I already made some points in comments, but to consolidate some thoughts...

You're asking about what, potential attack vectors?

Out of box, there's not a lot on today's Linux installs that you normally need to worry about right away. Most people introduce holes in their Linux systems by installing new programs and altering configs.

In order to give you better advice, you need to clarify what you're doing. A home server? A database server? Web server? Workstation?

A system with all patches and updates will still expose information if you're running a database server that doesn't clean up input and manages to have an SQL injection attack against a backend database.

Generally, you do what you need to do on any other system. Update regularly. Use the least privileges necessary to do something (don't run as root all the time). Don't login with cleartext passwords (use SSH to remotely administer the system). Don't run unnecessary services (turn off remote desktop/VNC if you're not using it, don't run a web server if you're not using it, etc.) Use strong passwords. Check logs regularly for unusual behavior. Get to know how your system acts so you know what's "weird". Monitor logs for unusual access attempts. Install denyhosts and configure it to lock out IP's that try knocking on SSH for login access, or move it a few ports so it's not open to bot attack. Use NMAP to check what ports you have open (from another machine). Audit your machine with something like SAINT (google for vulnerability auditing tools). Don't leave your workstation logged in when you walk away.

Things like chkrootkit and rkhunter help give some guidance and peace of mind, as do hashing utilities like tripwire, but they add to your maintenance.
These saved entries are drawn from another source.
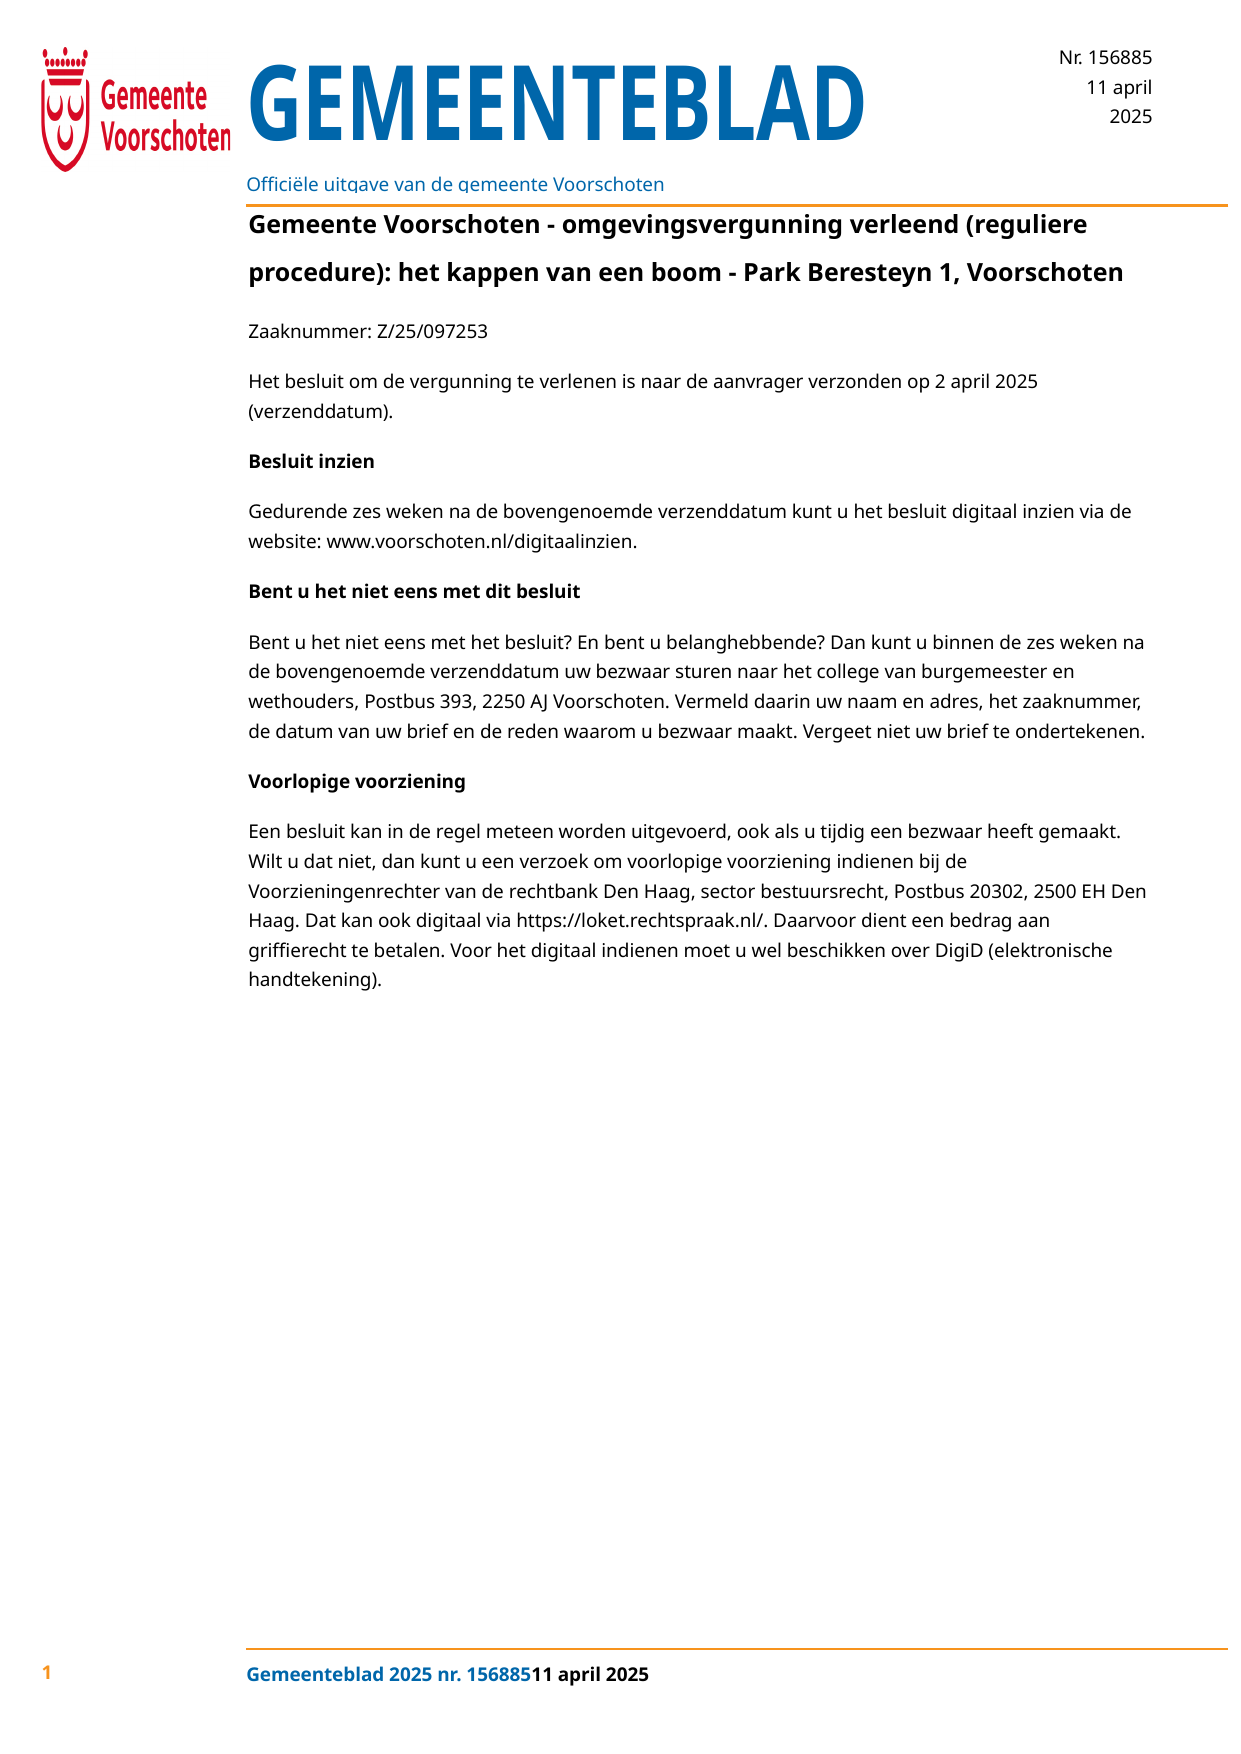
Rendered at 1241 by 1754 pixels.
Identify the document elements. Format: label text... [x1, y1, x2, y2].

text Bent u het niet eens met dit besluit [248, 579, 1152, 604]
picture [41, 47, 231, 172]
text Het besluit om de vergunning te verlenen is naar de aanvrager verzonden op 2 april 2025 (verzenddatum). [248, 368, 1152, 424]
text Besluit inzien [248, 448, 1152, 474]
text Gemeente Voorschoten - omgevingsvergunning verleend (reguliere procedure): het kappen van een boom - Park Beresteyn 1, Voorschoten [248, 207, 1152, 288]
text Gedurende zes weken na de bovengenoemde verzenddatum kunt u het besluit digitaal inzien via de website: www.voorschoten.nl/digitaalinzien. [248, 499, 1152, 554]
text Bent u het niet eens met het besluit? En bent u belanghebbende? Dan kunt u binnen de zes weken na de bovengenoemde verzenddatum uw bezwaar sturen naar het college van burgemeester en wethouders, Postbus 393, 2250 AJ Voorschoten. Vermeld daarin uw naam en adres, het zaaknummer, de datum van uw brief en de reden waarom u bezwaar maakt. Vergeet niet uw brief te ondertekenen. [248, 629, 1152, 744]
text Een besluit kan in de regel meteen worden uitgevoerd, ook als u tijdig een bezwaar heeft gemaakt. Wilt u dat niet, dan kunt u een verzoek om voorlopige voorziening indienen bij de Voorzieningenrechter van de rechtbank Den Haag, sector bestuursrecht, Postbus 20302, 2500 EH Den Haag. Dat kan ook digitaal via https://loket.rechtspraak.nl/. Daarvoor dient een bedrag aan griffierecht te betalen. Voor het digitaal indienen moet u wel beschikken over DigiD (elektronische handtekening). [248, 819, 1152, 992]
text Voorlopige voorziening [248, 768, 1152, 794]
text Zaaknummer: Z/25/097253 [248, 318, 1152, 344]
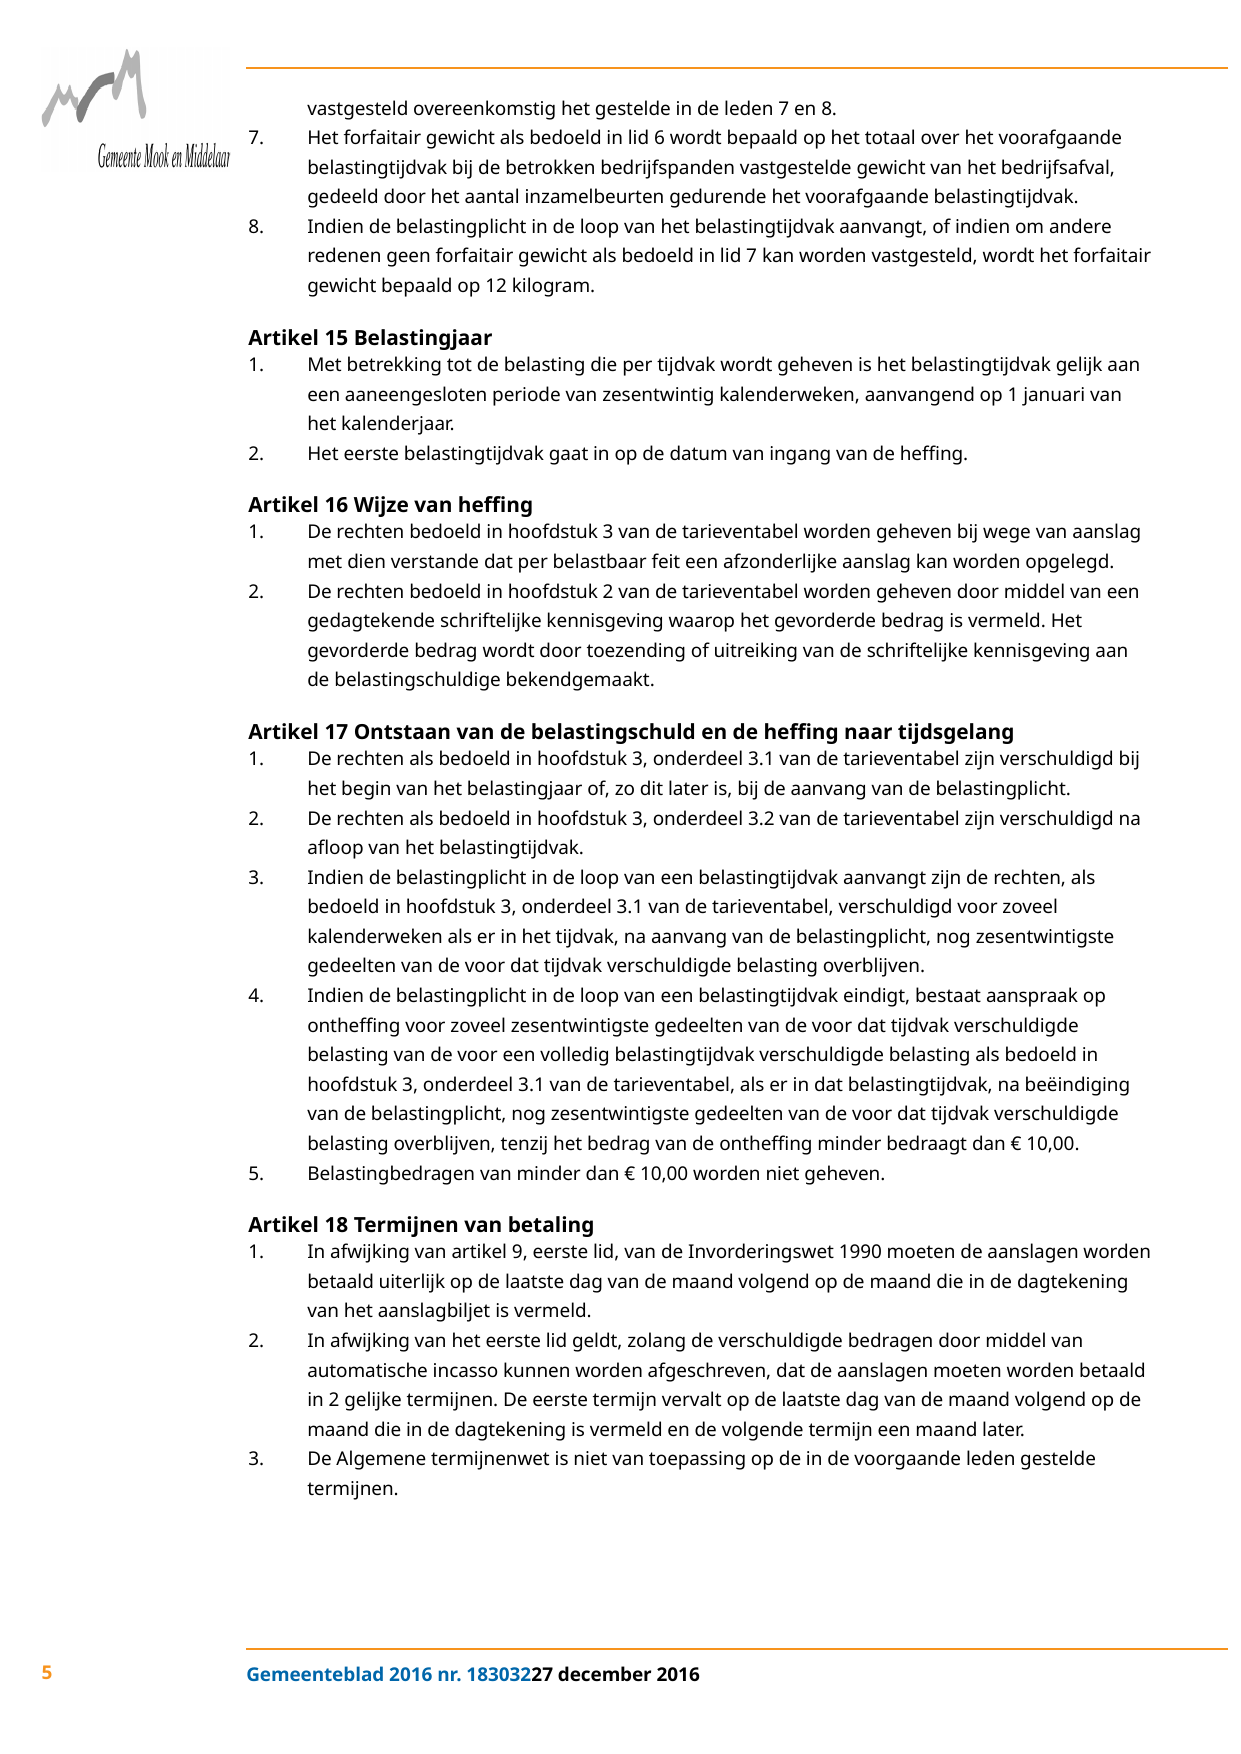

You need to sit down and balance usability with security needs, and apply them as needed (is it worth the extra hash generation and storage each time you alter a set of files or run system updates, vs. what you have to potentially lose in time and money if the server is lost?)

Make sure you have a good backup routine. A copy of live data is no good if someone compromises the server and your oldest backups contain the compromise.

Never trust a system if you think it has been compromised. I like using devil linux for appliance purposes because it is impossible to crack outside of data scratch areas (things like proxy servers); it boots and runs from CD, so no one can replace the binaries. I suppose they can patch them in memory, but a reboot clears it.

If you are dealing with heavier security needs, echo your logs to another server. Don't use the same password for everything. If your server is compromised, they get access to all passwords (I read once about someone setting up a porn site, then watching logins and email addresses and such coming into the logs...they figured they could then turn around and use those same passwords to crack into other sites, since most people use the same password scheme in the workplace and home as they do for commercial sites).

Those are the big ones. Again it's all a matter of balancing usability with security and how much you have to lose if you lose the server, but also things on your network. If someone takes over a humble little file server or hardly used in-house web server, Linux can easily be used to redirect ARP requests and act as a router to sniff traffic so it can see other things on your network, so even an insignificant server can become a significant threat. Since you didn't say what the server and role was or what the location is, it's hard to tell you specifics (like, "Whoa! you don't want to touch credit card information storage if you have to ask about it! That stuff is heavily regulated!" or, "Never store passwords unhashed. Never store as plain text, ever.")


chkrootkit and rkhunter


While this is wildly complicated (Dont say i didn't warn you). NeXpose has a Community Edition[rapid7.com] you can use to scan for vulnerabilities. You can also integrate it with Metasploit[www.metaploit.com]. Be prepared to do some heavy reading. But if you wade through it, you will be wiser. These are even tools used by some security professionals.

Engage the community and study! Being compromised (and to compromise) can be very intricate.

Best bet if you are or suspect that you are compromised, reinstall from backups or make a clean install. Use sources that provides checksums[en.wikipedia.com] for downloads

If they know what they are doing, they could even modify compilers on your system to compile in "malware" on new compiles.

EDIT: These are tools to check if you can be exploited. They will not check if you are compromised.